- **Entries supplied**
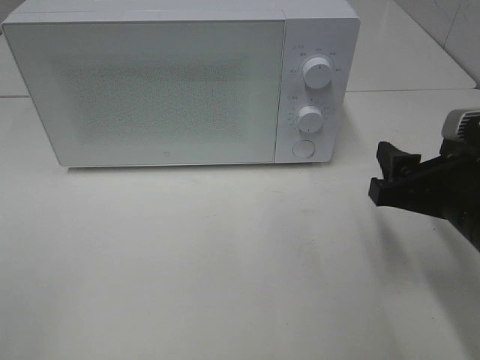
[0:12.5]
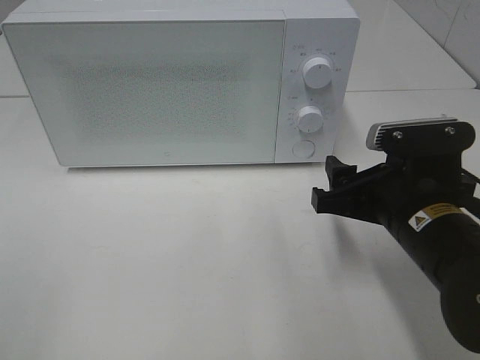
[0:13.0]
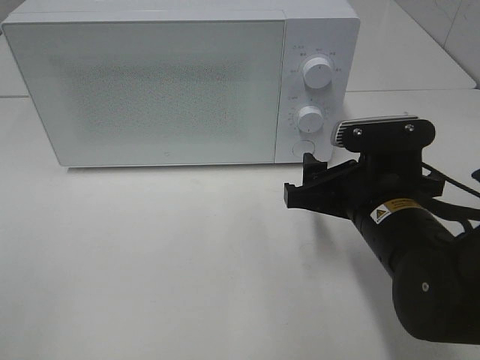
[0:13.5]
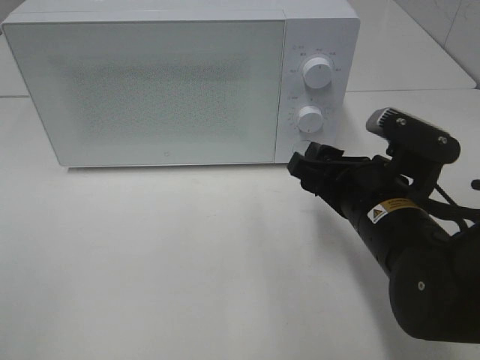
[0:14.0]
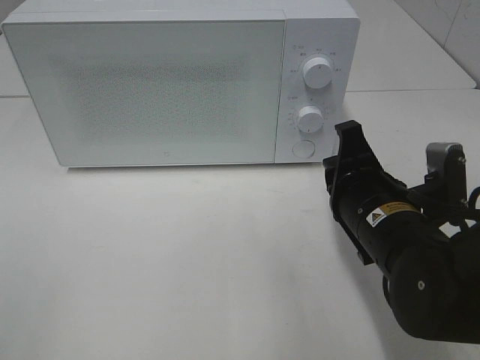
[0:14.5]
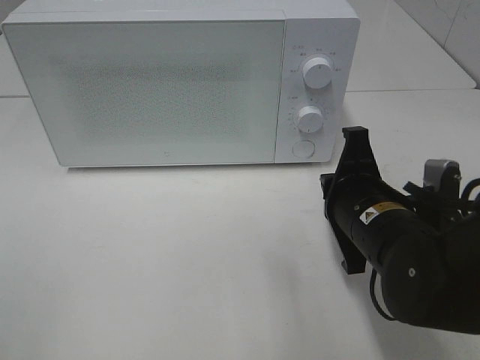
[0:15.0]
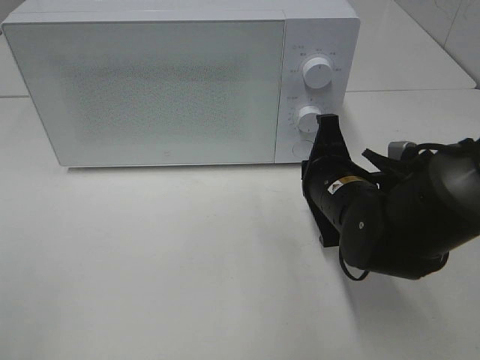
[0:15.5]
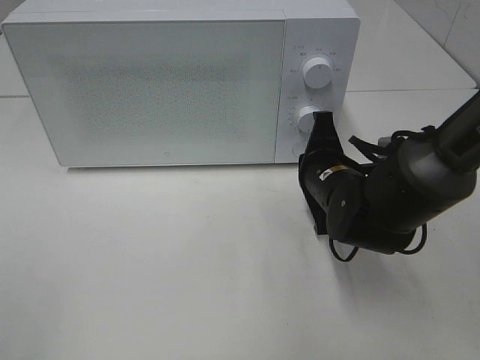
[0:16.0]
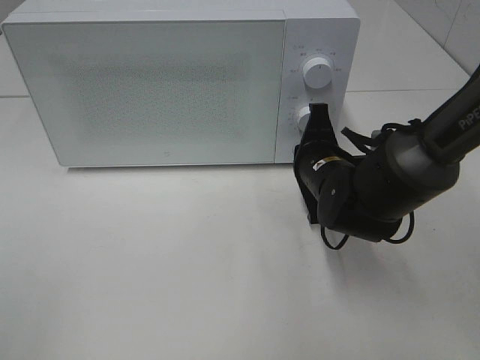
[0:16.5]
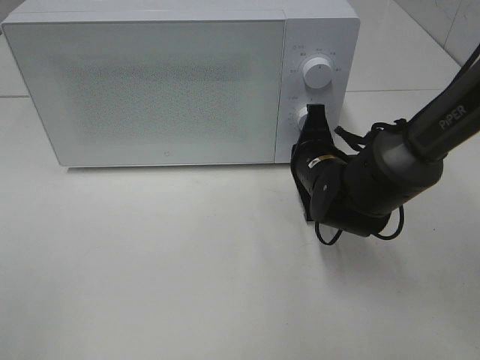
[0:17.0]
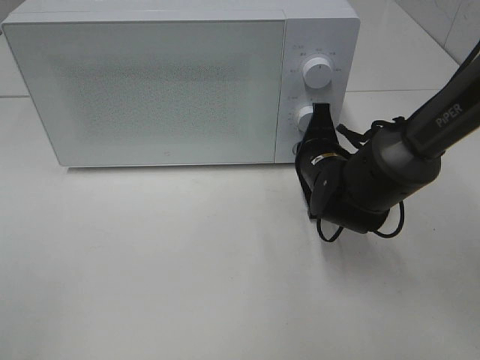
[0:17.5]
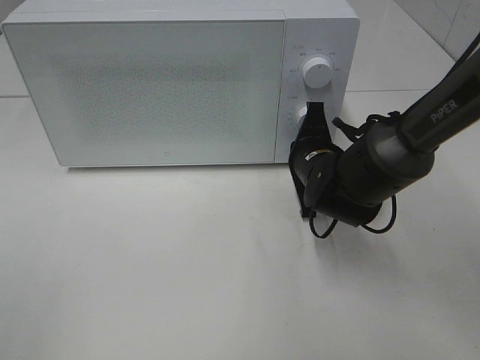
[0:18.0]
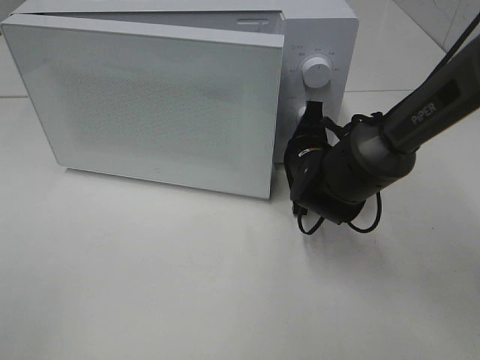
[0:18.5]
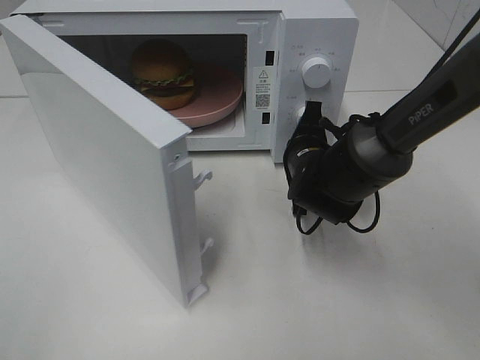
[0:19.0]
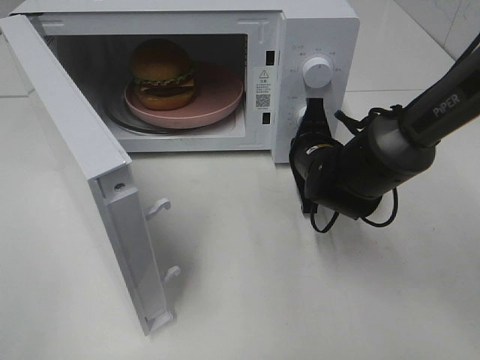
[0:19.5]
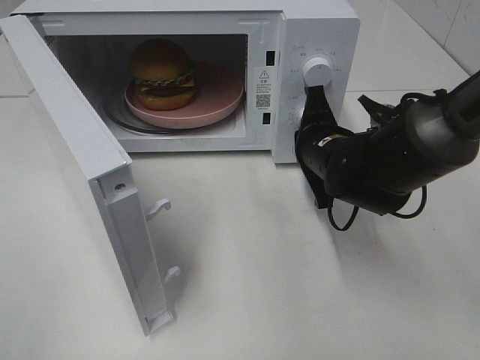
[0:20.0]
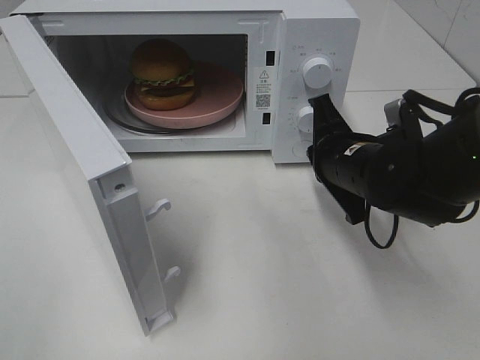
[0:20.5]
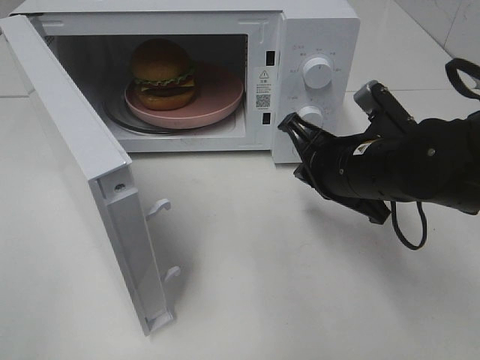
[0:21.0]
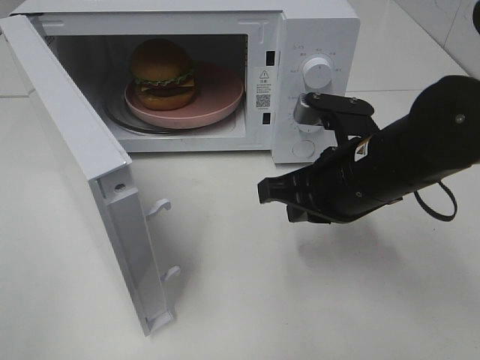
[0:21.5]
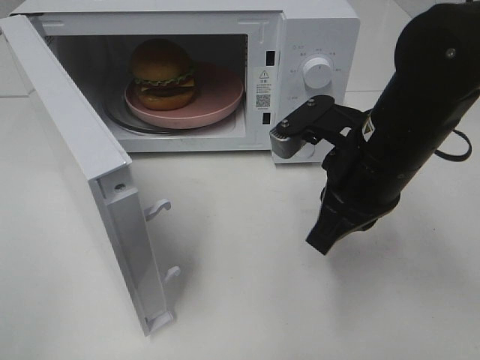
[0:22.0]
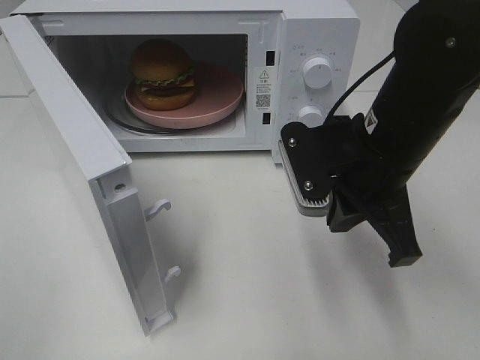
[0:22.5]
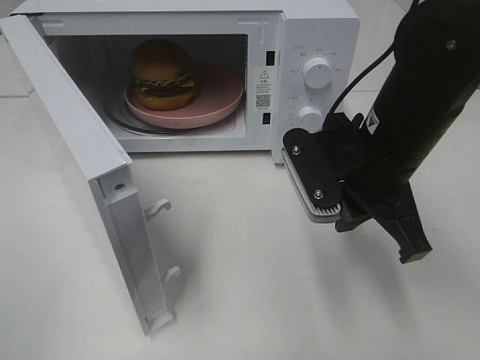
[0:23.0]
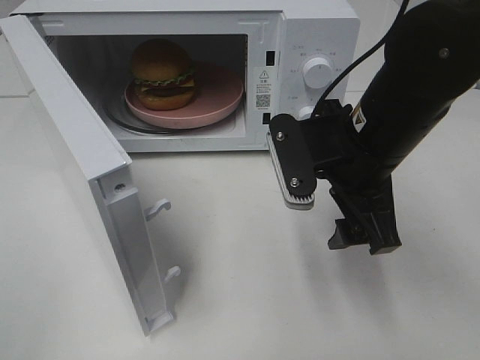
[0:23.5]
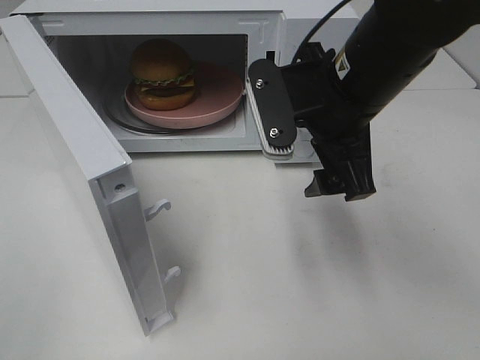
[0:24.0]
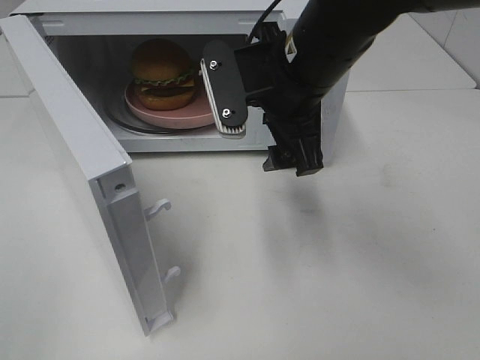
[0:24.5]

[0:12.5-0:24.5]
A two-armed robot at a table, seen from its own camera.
Task of the whole recording: Heat the burger.
Step, 0:12.5 to 0:20.0: Right hand: press the switch.
0:12.5 to 0:14.5: The right gripper is displaced to the left by some 10 cm, and closes up.
0:14.5 to 0:16.5: The right gripper shifts some 10 cm forward.
0:16.5 to 0:18.5: The grippers stay close to where they were, moving slightly.
0:18.5 to 0:20.5: The right gripper travels backward and upward by about 10 cm.
0:20.5 to 0:22.5: The right gripper travels upward by some 5 cm.
0:22.5 to 0:24.5: The right gripper is displaced to the left by about 5 cm, and opens.

- **What you should do**
Set down the records above exactly, leaving out pictures.

- **Answer section**
[0:12.5]
[0:13.0]
[0:13.5]
[0:14.0]
[0:14.5]
[0:15.0]
[0:15.5]
[0:16.0]
[0:16.5]
[0:17.0]
[0:17.5]
[0:18.0]
[0:18.5]
[0:19.0]
[0:19.5]
[0:20.0]
[0:20.5]
[0:21.0]
[0:21.5]
[0:22.0]
[0:22.5]
[0:23.0]
[0:23.5]
[0:24.0]
[0:24.5]

[0:12.5-0:24.5]
A two-armed robot at a table, seen from its own camera.
Task of the whole recording: Heat the burger.
Step, 0:12.5 to 0:20.0: Right hand: press the switch.
0:12.5 to 0:14.5: The right gripper is displaced to the left by some 10 cm, and closes up.
0:14.5 to 0:16.5: The right gripper shifts some 10 cm forward.
0:16.5 to 0:18.5: The grippers stay close to where they were, moving slightly.
0:18.5 to 0:20.5: The right gripper travels backward and upward by about 10 cm.
0:20.5 to 0:22.5: The right gripper travels upward by some 5 cm.
0:22.5 to 0:24.5: The right gripper is displaced to the left by about 5 cm, and opens.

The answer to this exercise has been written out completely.